NIAC: Why Iran Hawks Are Pushing Engagement

By Daniel Luban

Andrew Sullivan picks up on this piece from the National Iranian American Council (NIAC) blog that came out Friday; it’s one of the better (and most concise) analyses of the state of the Iran debate in Washington that I’ve seen. NIAC notes that roles have seemingly reversed since Iran’s election crisis began: former proponents of engagement (such as Roger Cohen and NIAC’s own Trita Parsi) are now calling for a pause in the engagement strategy while the clash between reformists and hardliners plays itself out, while many hawks who were previously engagement skeptics are calling for negotiations to move full speed ahead — and end abruptly if they do not bear immediate fruit.

(If there’s one point I would take issue with in the piece, it’s the notion that this is somehow a sudden “role reversal” for the hawks. On the contrary, since Obama’s victory most hawks have been more than willing to pay lip service to the engagement idea, all while setting an absurdly short deadline for ending negotiations and moving to sanctions. For those in the Dennis Ross school of diplomacy, a half-hearted and perfunctory stab at engagement is useful precisely because it allows the U.S. to claim that it has “tried everything else” when it moves to sanctions or military force.)

What are the stakes of this conflict? NIAC summarizes:

The perma-skeptics of diplomacy think we should impose an artificial deadline, rush to engage, and then run headlong into Iran’s political paralysis. Their plan would have us miss the deadline, sanction Iran as much as possible, and then lobby for the U.S. to bomb Iran when sanctions fail to stop Iran’s nuclear ambitions.

Of course, this is an incredibly foolish “solution.” As every Iran expert worth their salt has noted, bombing Iran is perhaps the only thing that can cement this government’s hold on power indefinitely into the future.

With Israel’s head of intelligence publicly saying Iran won’t be able to develop a deliverable nuclear weapon until 2014 at the earliest, the U.S. can and should wait for the right time to engage.
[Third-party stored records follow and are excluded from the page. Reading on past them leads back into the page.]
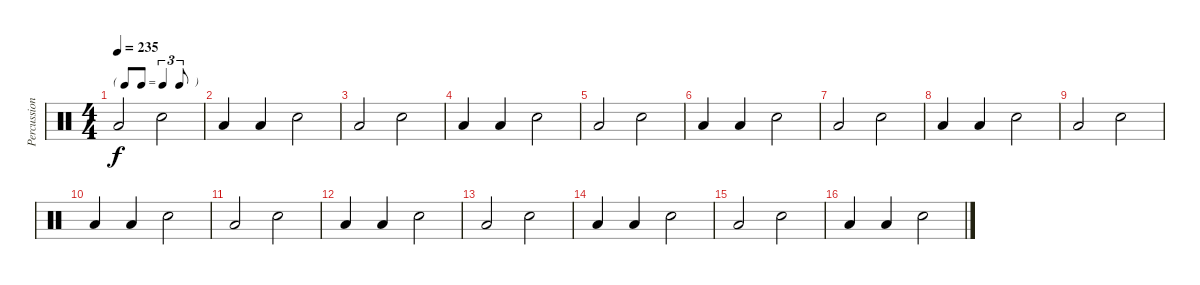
\track ("Percussions" "Percussion") {instrument percussion}
\staff {score}
\articulation defaults
\ts (4 4)
\tf triplet8th
\tempo 235
\clef neutral
\ks c "Low Tom (hit)".2{dy f} "Snare (hit) 2".2
|
"Low Tom (hit)".4 "Low Tom (hit)".4 "Snare (hit) 2".2 |
"Low Tom (hit)".2 "Snare (hit) 2".2 |
"Low Tom (hit)".4 "Low Tom (hit)".4 "Snare (hit) 2".2 |
"Low Tom (hit)".2 "Snare (hit) 2".2 |
"Low Tom (hit)".4 "Low Tom (hit)".4 "Snare (hit) 2".2 |
"Low Tom (hit)".2 "Snare (hit) 2".2 |
"Low Tom (hit)".4 "Low Tom (hit)".4 "Snare (hit) 2".2 |
"Low Tom (hit)".2 "Snare (hit) 2".2 |
"Low Tom (hit)".4 "Low Tom (hit)".4 "Snare (hit) 2".2 |
"Low Tom (hit)".2 "Snare (hit) 2".2 |
"Low Tom (hit)".4 "Low Tom (hit)".4 "Snare (hit) 2".2 |
"Low Tom (hit)".2 "Snare (hit) 2".2 |
"Low Tom (hit)".4 "Low Tom (hit)".4 "Snare (hit) 2".2 |
"Low Tom (hit)".2 "Snare (hit) 2".2 |
"Low Tom (hit)".4 "Low Tom (hit)".4 "Snare (hit) 2".2

IPS’s Ali Gharib also had a good analysis of the state of the Iran debate last week which examines these issues in more depth.

[Cross-posted at The Faster Times.]

Daniel Luban

Daniel Luban is a postdoctoral associate at Yale University. He holds a PhD in politics from the University of Chicago and was formerly a correspondent in the Washington bureau of Inter Press Service.

SHOW 3 COMMENTS

3 Comments

  1. I wasn’t aware of Barak Ravid’s Yellow Cake story. Surely rings a bell.

    Message to Ali Gharib: Consider this.

    Not quite in context, but still.

    Since Germany is one of the recipients of this document, I really wonder if the people in charge of the heightened controls and regulations for exports to Iran really do need this additional hint? I in fact wonder if anyone on earth still needs to be made aware of this? So what is he telling us?

  2. Cohen and those urging a pause are right in the tactical sense. Nothing will come from a U.S.-Iranian dialogue (assuming those currently in power in Iran are even willing to engage in one) until the situation there sorts itself out.

    I personally have grave doubts that the current regime will talk seriously to the U.S. I would certainly leave the way open if they want to take it, but I would also be prepared to wait years. Given the history, there’s no alternative to letting things ripen. An opportunity existed in the 1997-2005 period, but the Clinton administration was far too timid (for reasons that I won’t take the time to go into here), and the Bush administration had no interest (a short-sighted decision that may prove to have tragic consequences).

    The hawks of course are pressing talks because they know failure is a certainty, after which they can plausibly (in their minds) advocate the military option.

    I see no threat to the U.S. from a nuclear Iran, and thus would feel no urgency if I were running policy. I do see a U.S.-Iranian rapprochement, if achievable, as having immense positive consequences for our country. I doubt that Israel is endangered by a nuclear Iran, given its counterstrike capability (in addition to its overwhelming conventional superiority — not in numbers, but in weaponry, tactics and training). In any case, as an American, it’s American interests that I care about, not those of Israel.

  3. What percentage of Americans hawks think that another middle east war really will provoke the Rapture this time?